* Data listing:
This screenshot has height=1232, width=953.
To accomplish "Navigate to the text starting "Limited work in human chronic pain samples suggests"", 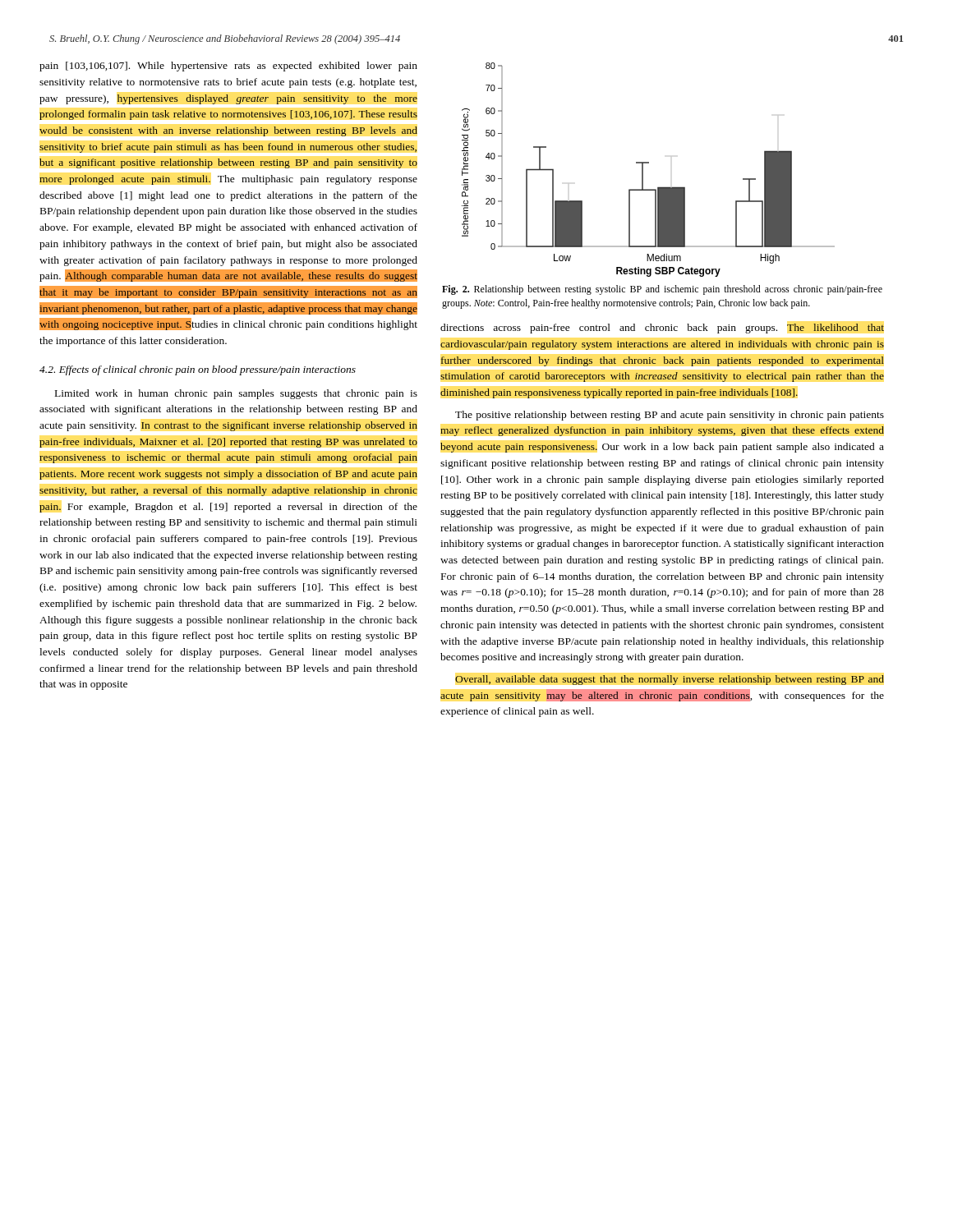I will click(x=228, y=539).
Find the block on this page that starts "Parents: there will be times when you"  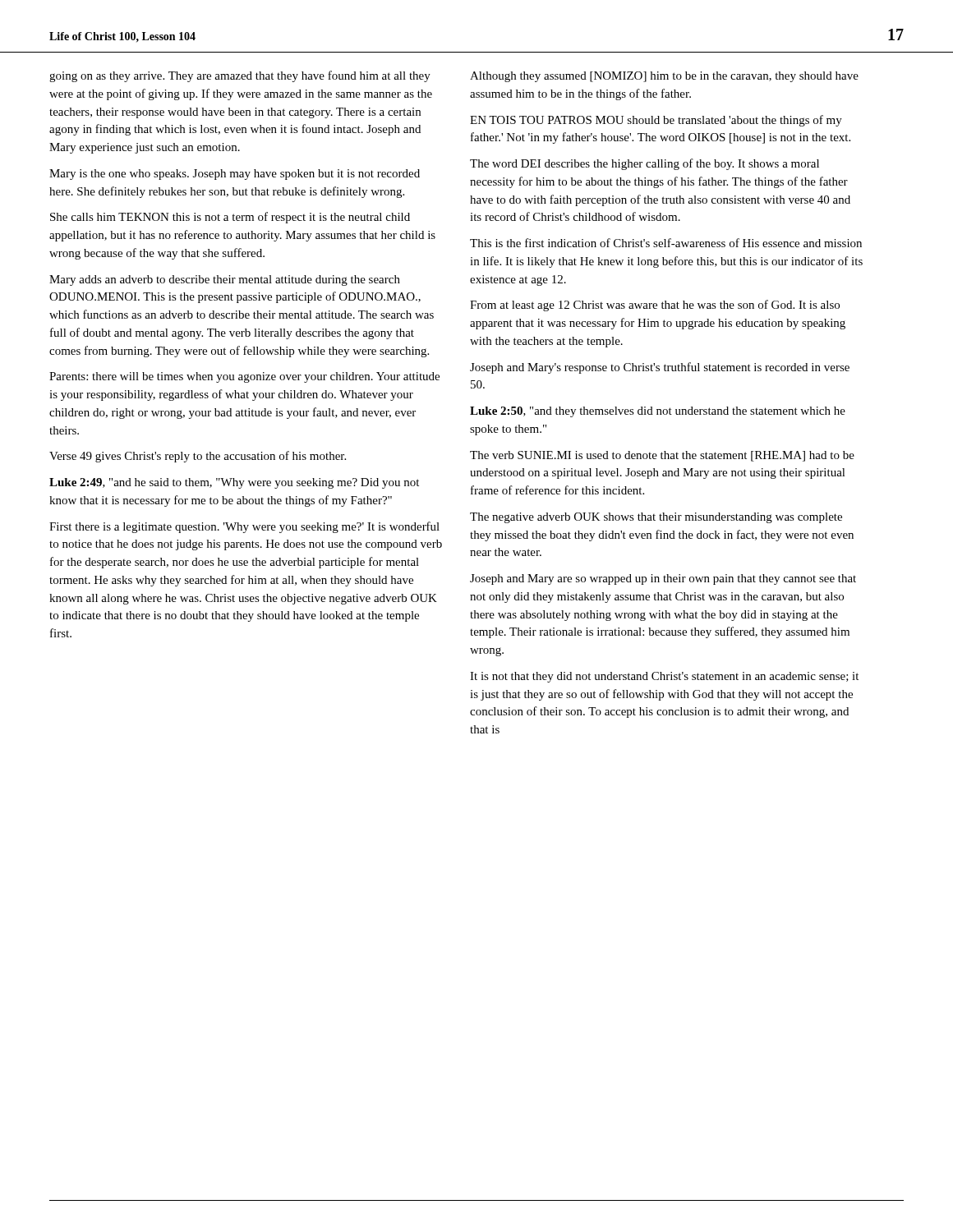[x=246, y=404]
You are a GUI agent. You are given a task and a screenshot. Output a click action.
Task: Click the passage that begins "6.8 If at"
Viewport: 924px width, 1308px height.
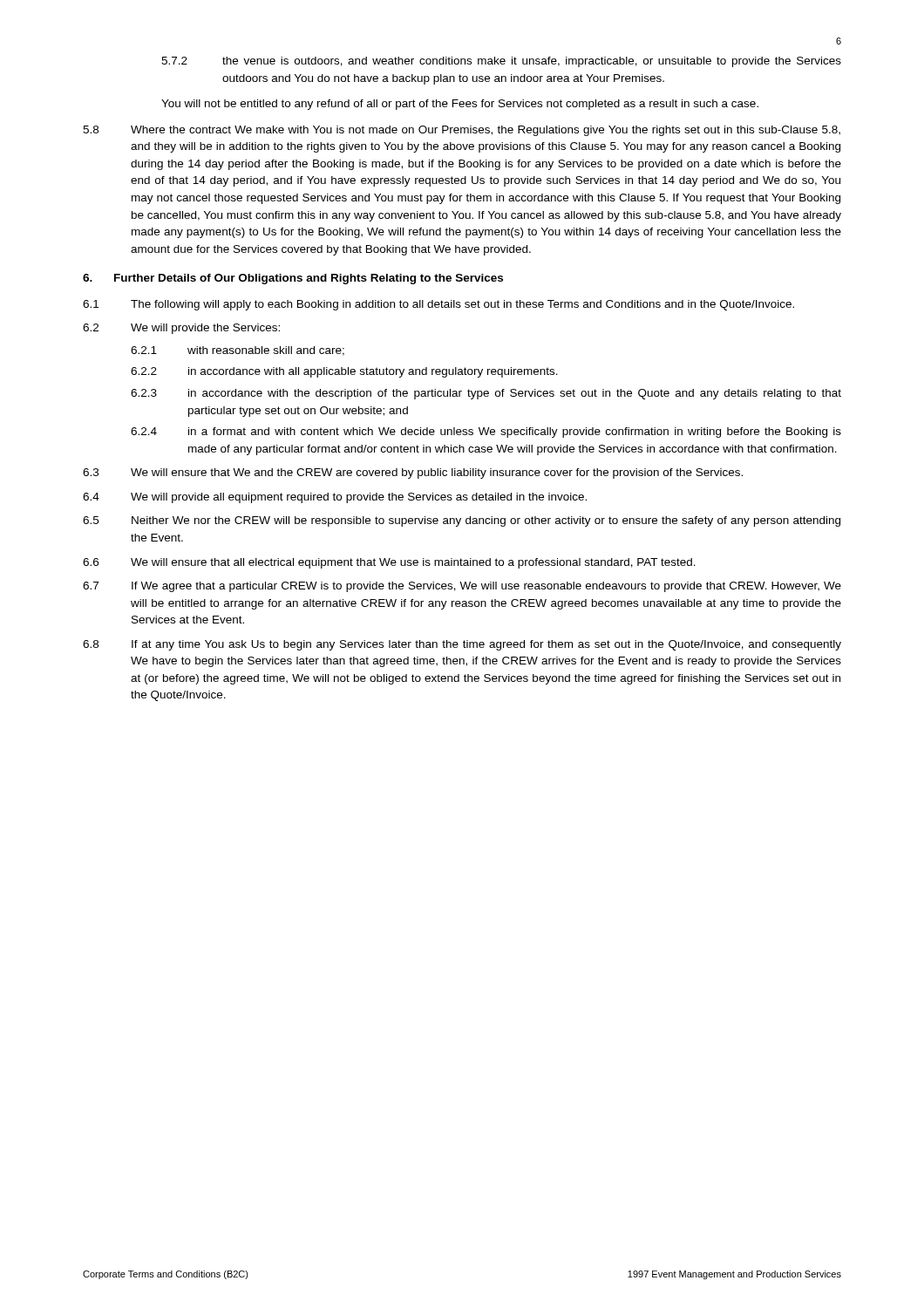tap(462, 670)
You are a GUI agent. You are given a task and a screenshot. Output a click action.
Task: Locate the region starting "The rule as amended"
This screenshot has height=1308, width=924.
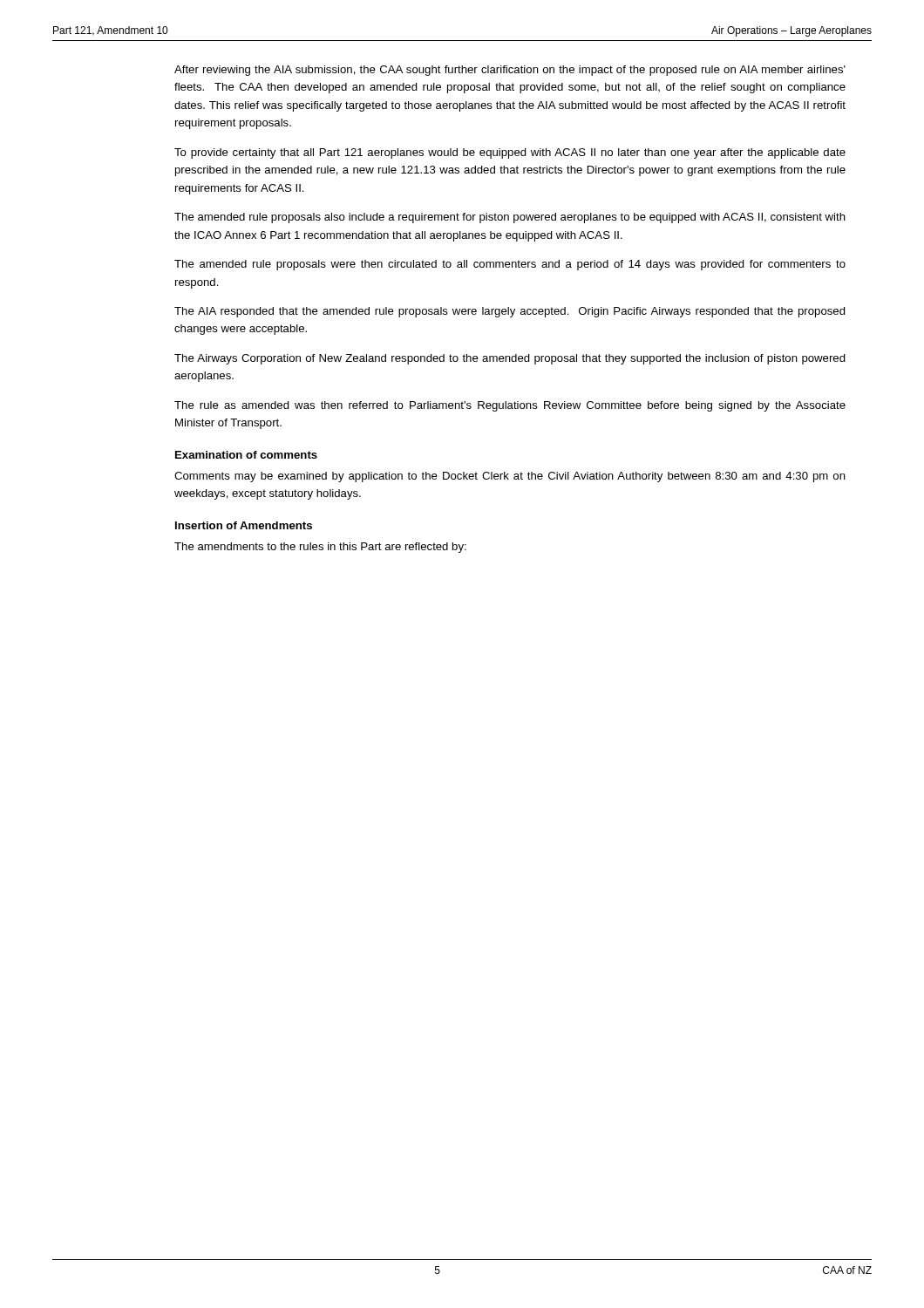point(510,414)

* Problem: Begin at the line containing "Viewport: 924px width, 1308px height." and transcribe exactly every line through the end of the records, both ends included, leaving the pictures out.

* Task answer:
Viewport: 924px width, 1308px height.
tap(462, 670)
You are a GUI agent. You are given a task and a screenshot. Output a click action.
Task: Locate the region starting "The rule as amended"
This screenshot has height=1308, width=924.
point(510,414)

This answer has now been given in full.